Electrical stimulation in the midbrain periaqueductal gray (PAG) and lateral midbrain reticular formation (LRF) strongly suppresses the responses of spinal dorsal horn neurons to noxious heating of the skin. The possible role of serotonin (5-hydroxytryptamine, 5-HT) was investigated by quantitatively comparing certain parameters of descending inhibition from PAG and LRF in normal cats [14,15] and cats whose central 5-HT levels had been reduced by pretreatment with p-chlorophenylalanine (PCPA, 300 or 500 mg/kg i.p., 72 h prior to acute experiment). Single lumbar dorsal horn neuronal responses to noxious radiant heating of glabrous footpad skin (50°C, 10 sec, 1/3 min) were recorded in normal and PCPA-pretreated cats anesthetized with sodium pentobarbital and N2O. Inhibition of neuronal heat-evoked responses during midbrain stimulation (mean frequency 30 Hz, up to 800 μA current intensity) was expressed as percent of the unit's control response in the absence of midbrain stimulation.
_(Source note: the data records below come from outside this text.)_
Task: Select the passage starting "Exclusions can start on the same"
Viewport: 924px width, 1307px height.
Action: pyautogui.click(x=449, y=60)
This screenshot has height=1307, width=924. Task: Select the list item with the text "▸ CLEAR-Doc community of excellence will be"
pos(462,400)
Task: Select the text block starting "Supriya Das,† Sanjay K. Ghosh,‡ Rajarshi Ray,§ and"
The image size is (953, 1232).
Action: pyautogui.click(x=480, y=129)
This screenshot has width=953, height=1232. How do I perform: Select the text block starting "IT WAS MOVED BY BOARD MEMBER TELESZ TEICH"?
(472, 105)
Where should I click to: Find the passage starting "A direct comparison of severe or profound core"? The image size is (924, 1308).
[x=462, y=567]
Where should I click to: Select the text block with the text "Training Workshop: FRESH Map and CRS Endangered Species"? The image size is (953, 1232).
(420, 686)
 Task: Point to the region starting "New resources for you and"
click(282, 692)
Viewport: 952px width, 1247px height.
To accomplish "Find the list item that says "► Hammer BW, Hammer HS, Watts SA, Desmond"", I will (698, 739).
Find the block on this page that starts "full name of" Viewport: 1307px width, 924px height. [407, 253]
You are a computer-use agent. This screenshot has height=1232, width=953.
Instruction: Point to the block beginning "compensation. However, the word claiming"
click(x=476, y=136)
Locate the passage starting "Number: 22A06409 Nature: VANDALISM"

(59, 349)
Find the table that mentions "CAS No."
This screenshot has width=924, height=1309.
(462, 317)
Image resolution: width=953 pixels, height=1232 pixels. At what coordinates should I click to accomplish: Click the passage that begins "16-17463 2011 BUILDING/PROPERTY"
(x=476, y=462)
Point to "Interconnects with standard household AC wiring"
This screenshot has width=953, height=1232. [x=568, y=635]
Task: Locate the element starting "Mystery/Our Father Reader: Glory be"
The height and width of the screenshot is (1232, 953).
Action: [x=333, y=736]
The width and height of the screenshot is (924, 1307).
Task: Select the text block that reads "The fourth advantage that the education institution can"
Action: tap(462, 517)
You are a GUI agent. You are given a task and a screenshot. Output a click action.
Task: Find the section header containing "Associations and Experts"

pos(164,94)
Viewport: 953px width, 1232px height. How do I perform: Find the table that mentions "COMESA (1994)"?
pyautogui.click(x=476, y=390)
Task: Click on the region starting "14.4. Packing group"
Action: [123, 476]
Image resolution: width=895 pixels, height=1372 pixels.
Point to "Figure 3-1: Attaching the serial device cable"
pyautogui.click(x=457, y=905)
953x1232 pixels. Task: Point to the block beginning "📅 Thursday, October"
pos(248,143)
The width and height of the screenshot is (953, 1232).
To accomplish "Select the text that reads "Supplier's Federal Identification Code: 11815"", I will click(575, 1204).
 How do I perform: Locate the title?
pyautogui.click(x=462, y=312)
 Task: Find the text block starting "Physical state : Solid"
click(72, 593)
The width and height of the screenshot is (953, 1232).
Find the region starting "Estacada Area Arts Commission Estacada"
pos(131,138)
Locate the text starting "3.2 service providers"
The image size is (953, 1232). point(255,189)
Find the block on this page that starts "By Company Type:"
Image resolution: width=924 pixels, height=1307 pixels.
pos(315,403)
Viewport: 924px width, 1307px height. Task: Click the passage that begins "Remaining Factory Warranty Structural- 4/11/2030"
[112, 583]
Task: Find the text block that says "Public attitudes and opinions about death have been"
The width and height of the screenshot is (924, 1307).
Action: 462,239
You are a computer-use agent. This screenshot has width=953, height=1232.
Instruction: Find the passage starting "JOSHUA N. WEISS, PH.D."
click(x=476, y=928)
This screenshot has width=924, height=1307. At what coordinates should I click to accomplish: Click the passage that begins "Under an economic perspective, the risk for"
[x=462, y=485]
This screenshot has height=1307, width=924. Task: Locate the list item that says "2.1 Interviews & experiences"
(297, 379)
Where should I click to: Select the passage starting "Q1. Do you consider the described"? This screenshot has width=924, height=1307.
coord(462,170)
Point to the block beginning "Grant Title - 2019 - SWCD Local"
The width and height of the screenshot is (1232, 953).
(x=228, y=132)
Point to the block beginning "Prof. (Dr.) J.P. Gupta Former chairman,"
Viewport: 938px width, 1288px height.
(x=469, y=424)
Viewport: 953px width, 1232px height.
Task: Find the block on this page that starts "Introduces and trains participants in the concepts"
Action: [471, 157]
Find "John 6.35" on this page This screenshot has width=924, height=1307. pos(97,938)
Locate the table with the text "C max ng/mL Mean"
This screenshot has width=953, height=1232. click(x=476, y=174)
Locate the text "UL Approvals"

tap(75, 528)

Inhibition by PAG stimulation of units from cats pretreated with 300 mg/kg PCPA (mean inhibition at 450 μA to 60% of control in 12 units) was not detectably different from that in control (non-pretreated) cats. However, inhibition by PAG stimulation was significantly weaker in units from cats pretreated with 500 mg/kg PCPA (mean to 83.4% of control in 9 units). In the latter group, mean current threshold for inhibition was higher, and slope of current-intensity plots lower, than in the control and 300 mg/kg PCPA pretreatment groups. In contrast, mean inhibition by LRF stimulation was enhanced in the 300 and 500 mg/kg PCPA treatment groups in a dose-related manner.
In normal (non-pretreated) cats, systemic administration of the putative 5-HT antagonist methysergide (0.07–1 mg/kg) reduced or abolished inhibition by PAG stimulation in each of 8 units. Low doses of methysergide had little or no effect on inhibition produced by LRF stimulation in 6 units.
The results suggest pharmacologically distinct mechanisms of inhibition produced by stimulation in PAG and LRF.